On September 4, FTC Commissioners Andrew N. Ferguson and Melissa Holyoak also issued a statement that noted their view that, “[a] steady stream of enforcement actions against an unlawful practice provides the markets with transparency about what the agency believes the law requires—transparency that is very important in the application of generally worded statutes like Section 1 of the Sherman Act and Section 5 of the FTC Act. . . . The Commission continues to apply a case-specific approach to assessing the lawfulness of noncompete agreements.” The Commissioners explained their view that, when assessing potentially anticompetitive non‑compete agreements, the “common law [reasonableness inquiry for assessing non-competes] is at least relevant to determining whether a particular restraint violates the antitrust laws.” The Commissioners also noted that non-compete agreements can be procompetitive in some circumstances.
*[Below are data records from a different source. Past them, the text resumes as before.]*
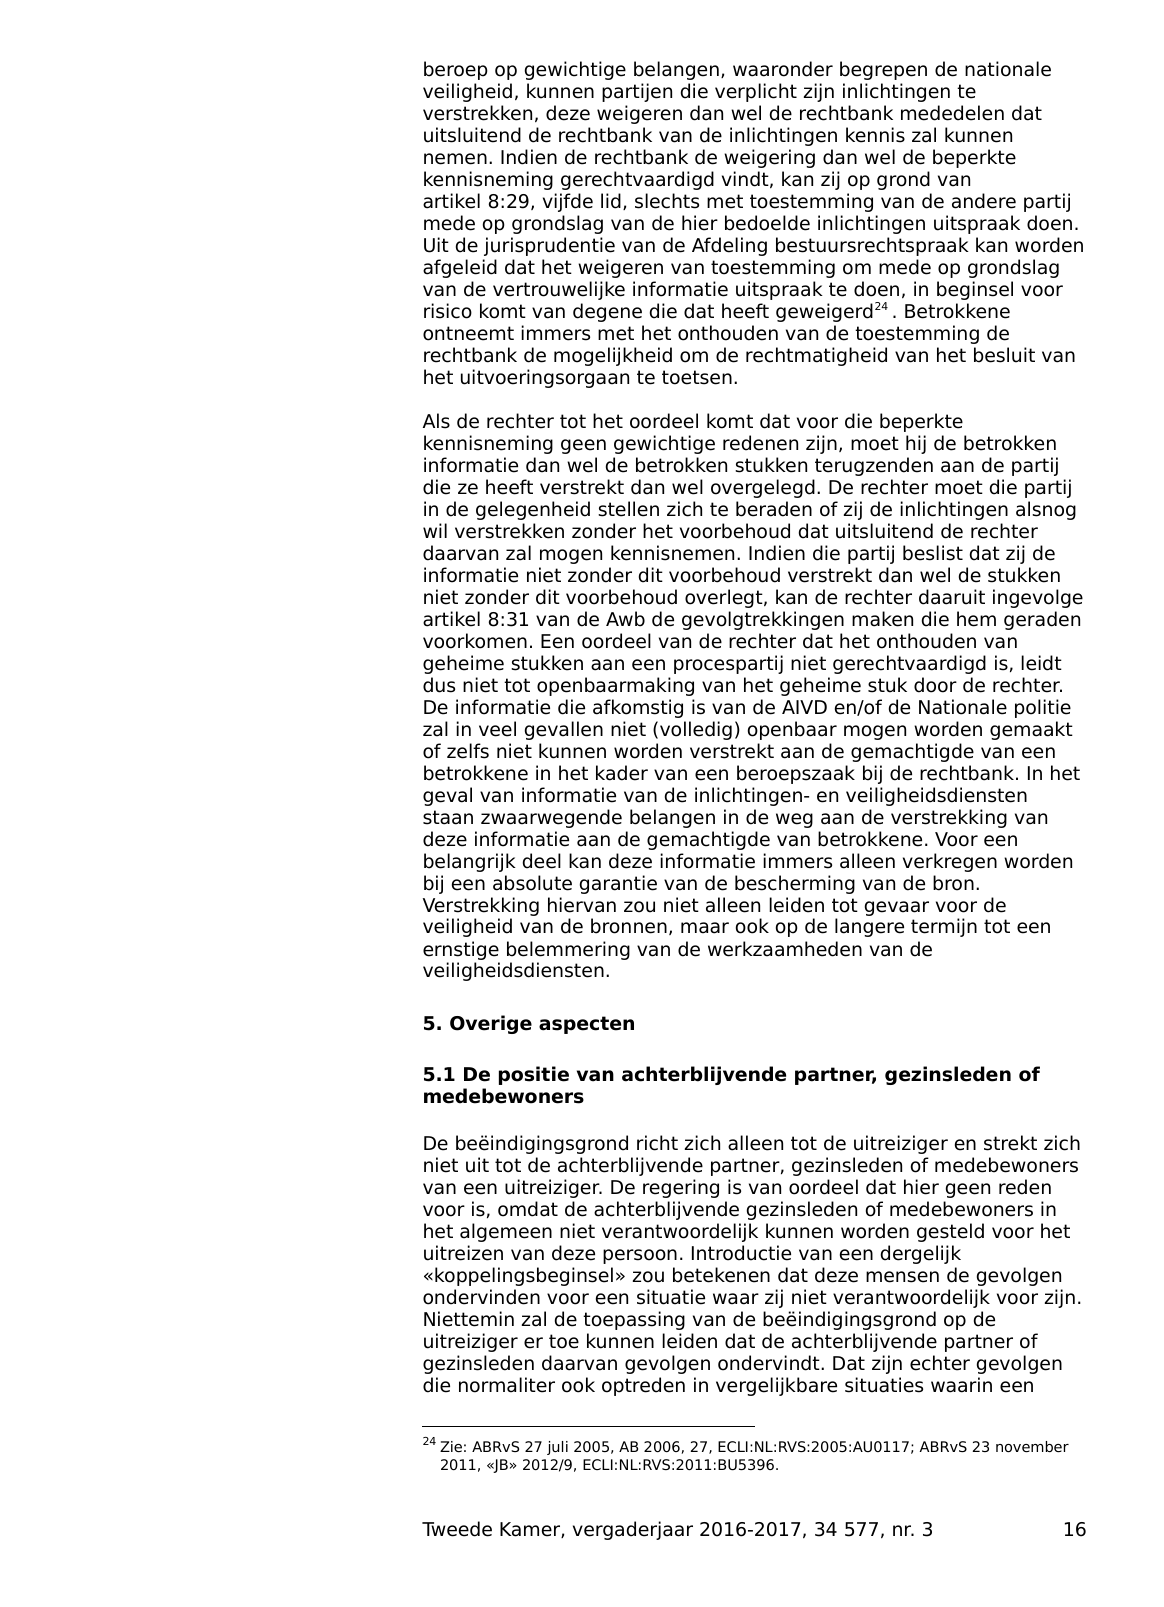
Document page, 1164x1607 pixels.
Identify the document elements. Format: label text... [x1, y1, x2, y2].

text beroep op gewichtige belangen, waaronder begrepen de nationale veiligheid, kunnen partijen die verplicht zijn inlichtingen te verstrekken, deze weigeren dan wel de rechtbank mededelen dat uitsluitend de rechtbank van de inlichtingen kennis zal kunnen nemen. Indien de rechtbank de weigering dan wel de beperkte kennisneming gerechtvaardigd vindt, kan zij op grond van artikel 8:29, vijfde lid, slechts met toestemming van de andere partij mede op grondslag van de hier bedoelde inlichtingen uitspraak doen. Uit de jurisprudentie van de Afdeling bestuursrechtspraak kan worden afgeleid dat het weigeren van toestemming om mede op grondslag van de vertrouwelijke informatie uitspraak te doen, in beginsel voor risico komt van degene die dat heeft geweigerd. Betrokkene ontneemt immers met het onthouden van de toestemming de rechtbank de mogelijkheid om de rechtmatigheid van het besluit van het uitvoeringsorgaan te toetsen. [422, 59, 1087, 389]
text Als de rechter tot het oordeel komt dat voor die beperkte kennisneming geen gewichtige redenen zijn, moet hij de betrokken informatie dan wel de betrokken stukken terugzenden aan de partij die ze heeft verstrekt dan wel overgelegd. De rechter moet die partij in de gelegenheid stellen zich te beraden of zij de inlichtingen alsnog wil verstrekken zonder het voorbehoud dat uitsluitend de rechter daarvan zal mogen kennisnemen. Indien die partij beslist dat zij de informatie niet zonder dit voorbehoud verstrekt dan wel de stukken niet zonder dit voorbehoud overlegt, kan de rechter daaruit ingevolge artikel 8:31 van de Awb de gevolgtrekkingen maken die hem geraden voorkomen. Een oordeel van de rechter dat het onthouden van geheime stukken aan een procespartij niet gerechtvaardigd is, leidt dus niet tot openbaarmaking van het geheime stuk door de rechter. [422, 411, 1087, 697]
text De informatie die afkomstig is van de AIVD en/of de Nationale politie zal in veel gevallen niet (volledig) openbaar mogen worden gemaakt of zelfs niet kunnen worden verstrekt aan de gemachtigde van een betrokkene in het kader van een beroepszaak bij de rechtbank. In het geval van informatie van de inlichtingen- en veiligheidsdiensten staan zwaarwegende belangen in de weg aan de verstrekking van deze informatie aan de gemachtigde van betrokkene. Voor een belangrijk deel kan deze informatie immers alleen verkregen worden bij een absolute garantie van de bescherming van de bron. Verstrekking hiervan zou niet alleen leiden tot gevaar voor de veiligheid van de bronnen, maar ook op de langere termijn tot een ernstige belemmering van de werkzaamheden van de veiligheidsdiensten. [422, 697, 1087, 982]
text Zie: ABRvS 27 juli 2005, AB 2006, 27, ECLI:NL:RVS:2005:AU0117; ABRvS 23 november 2011, «JB» 2012/9, ECLI:NL:RVS:2011:BU5396. [422, 1435, 1087, 1474]
subtitle 5. Overige aspecten [422, 1012, 1087, 1034]
subtitle 5.1 De positie van achterblijvende partner, gezinsleden of medebewoners [422, 1064, 1087, 1108]
text De beëindigingsgrond richt zich alleen tot de uitreiziger en strekt zich niet uit tot de achterblijvende partner, gezinsleden of medebewoners van een uitreiziger. De regering is van oordeel dat hier geen reden voor is, omdat de achterblijvende gezinsleden of medebewoners in het algemeen niet verantwoordelijk kunnen worden gesteld voor het uitreizen van deze persoon. Introductie van een dergelijk «koppelingsbeginsel» zou betekenen dat deze mensen de gevolgen ondervinden voor een situatie waar zij niet verantwoordelijk voor zijn. Niettemin zal de toepassing van de beëindigingsgrond op de uitreiziger er toe kunnen leiden dat de achterblijvende partner of gezinsleden daarvan gevolgen ondervindt. Dat zijn echter gevolgen die normaliter ook optreden in vergelijkbare situaties waarin een [422, 1133, 1087, 1397]
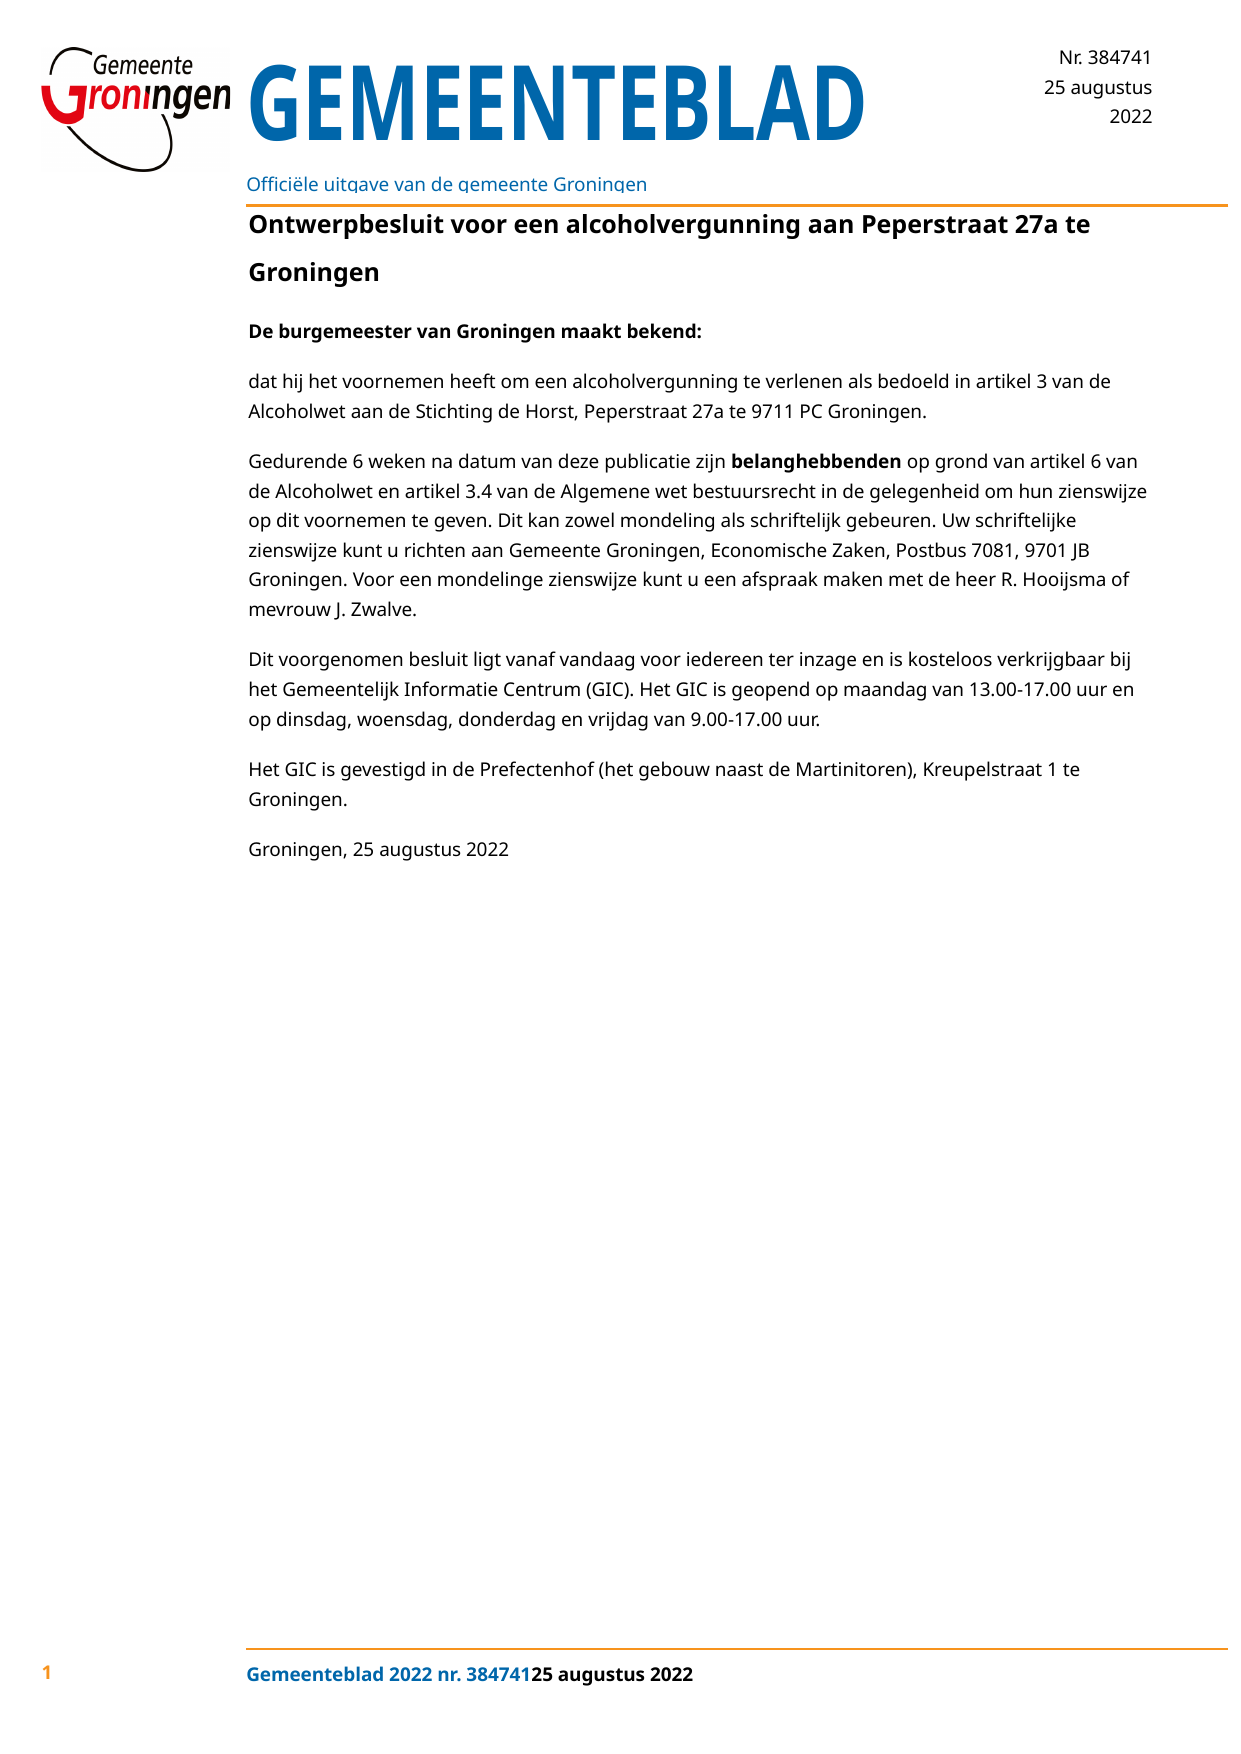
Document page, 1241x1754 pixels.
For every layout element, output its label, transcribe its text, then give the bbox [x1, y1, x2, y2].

text Het GIC is gevestigd in de Prefectenhof (het gebouw naast de Martinitoren), Kreupelstraat 1 te Groningen. [248, 756, 1152, 812]
text Gedurende 6 weken na datum van deze publicatie zijn belanghebbenden op grond van artikel 6 van de Alcoholwet en artikel 3.4 van de Algemene wet bestuursrecht in de gelegenheid om hun zienswijze op dit voornemen te geven. Dit kan zowel mondeling als schriftelijk gebeuren. Uw schriftelijke zienswijze kunt u richten aan Gemeente Groningen, Economische Zaken, Postbus 7081, 9701 JB Groningen. Voor een mondelinge zienswijze kunt u een afspraak maken met de heer R. Hooijsma of mevrouw J. Zwalve. [248, 448, 1152, 622]
text Dit voorgenomen besluit ligt vanaf vandaag voor iedereen ter inzage en is kosteloos verkrijgbaar bij het Gemeentelijk Informatie Centrum (GIC). Het GIC is geopend op maandag van 13.00-17.00 uur en op dinsdag, woensdag, donderdag en vrijdag van 9.00-17.00 uur. [248, 647, 1152, 732]
text Ontwerpbesluit voor een alcoholvergunning aan Peperstraat 27a te Groningen [248, 207, 1152, 288]
text dat hij het voornemen heeft om een alcoholvergunning te verlenen als bedoeld in artikel 3 van de Alcoholwet aan de Stichting de Horst, Peperstraat 27a te 9711 PC Groningen. [248, 368, 1152, 424]
text Groningen, 25 augustus 2022 [248, 836, 1152, 862]
picture [41, 47, 231, 172]
text De burgemeester van Groningen maakt bekend: [248, 318, 1152, 344]

Additionally, on the same day, the FTC issued a request for public comments (which are due by November 3, 2025) “to better understand the scope, prevalence, and effects of employer non‑compete agreements, as well as to gather information to inform possible future enforcement actions.”
Previously, in February 2025, FTC Chairman Ferguson launched a task force to address labor market issues, including non-compete agreements and no-poach agreements between competitors.
Accordingly, employers should expect that the FTC under the current administration will address non-competes, with a particular focus on non-competes that apply to all workers and/or that involve low-wage workers. Employers should also be mindful of continued state regulation of non-compete agreements.